The Diary of George Templeton Strong
After reading a novel set in 1893, I’ve stayed in old New York for the first volume of The Diary of George Templeton Strong. Strong was the son of a lawyer, and a graduate of Columbia University (class of 1838). He was just a little younger than Thoreau, who graduated from Harvard in 1837, and in some ways he was the anti-Thoreau. Both men wrote enormous diaries, but Strong’s was all about politics, his legal career, and the turmoil of life in Manhattan, while Thoreau’s was largely about taking walks in the countryside around Concord, Massachusetts.
Strong’s diary is very entertaining to read, and it’s unfortunate that it’s almost unobtainable. Only the first volume can be checked out of the New York Public Library system. He is probably best known, to those who know him at all, through the entries he made in the Civil War years that were used in Ken Burns’ documentary, and read in the best upper-crust Manhattan tones by George Plimpton. But those excerpts didn’t give a sense of how funny he could be. Here he is griping about the Transcendentalists, on September 25, 1840. (His comments would apply more to characters like William Ellery Channing than they would to Thoreau.)

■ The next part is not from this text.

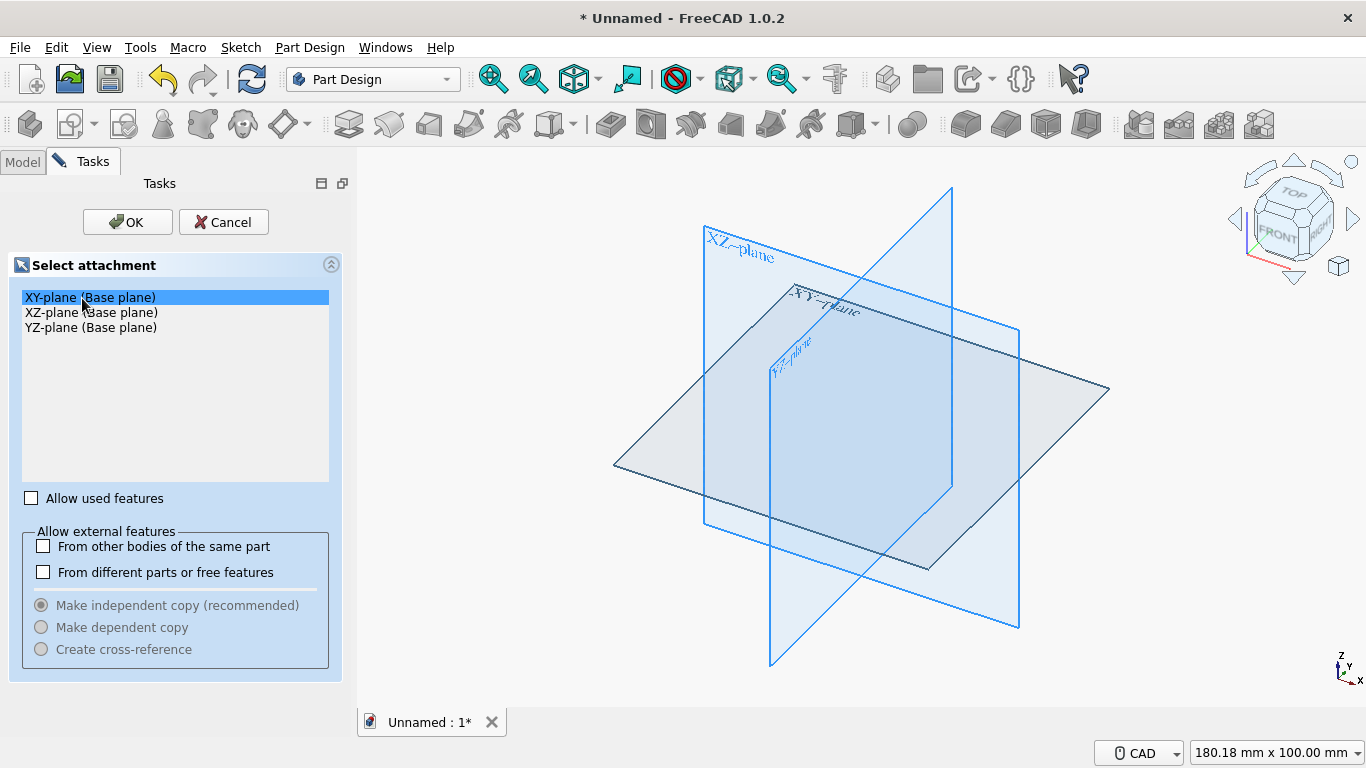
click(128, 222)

Tried to read Kent this morning, but his pages, which never were remarkable for order and perspicuity, seemed even more hazy than ever. It was a toss-up between the ex-Chancellor and the Boston transcendentalists. The latter gentry have rather the advantage, by the way, for whereas the Chancellor merely contradicts himself on alternate pages and writes a book as his wife would make a pudding, by taking care to mix the ingredients—eggs, butter, and all—into undistinguishable homogeneity, the Eastern Magi take care to write so that it’s impracticable to know what any one sentence means and no one can therefore safely assert that any two passages are irreconcilable or unconnected, which is very delightful to behold and shows a true Yankee ingenuity in dodging the shafts of criticism. They’re safe behind the thick cotton of the infinite and The Incomprehensible.

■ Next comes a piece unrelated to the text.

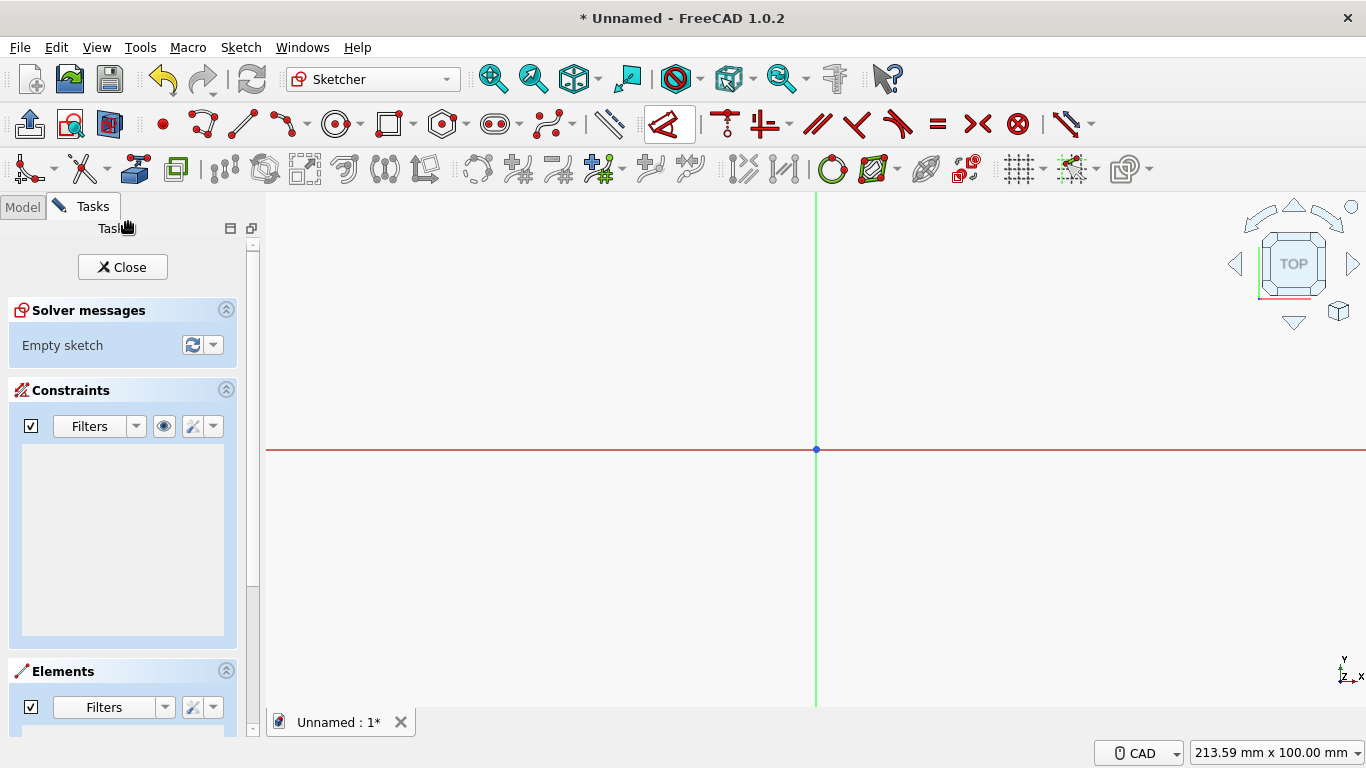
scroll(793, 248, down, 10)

As to their enunciation of the fact that “Matter is orbed and spirit is sphered” (or vice versa -- I forget which and it don’t much matter), I do not entirely agree with the pundits aforesaid. The thoughtful mind can never forget that in the polarization of the universal dual the essential idea is first individually evolved, and that from this purely spiritual genesis, extending as it does upwards into the profound and downwards into the exalted (and not according to Locke, vice versa), or in other words from the intensely spirituous, is first seen to emanate the dawnings of the Exotic. Strange, then, that any should be so utterly blind as not to deduce from these self-evident propositions the identity of the Ideal and the truncatedo-conical of the material and the right angulo-hexagonal triangular!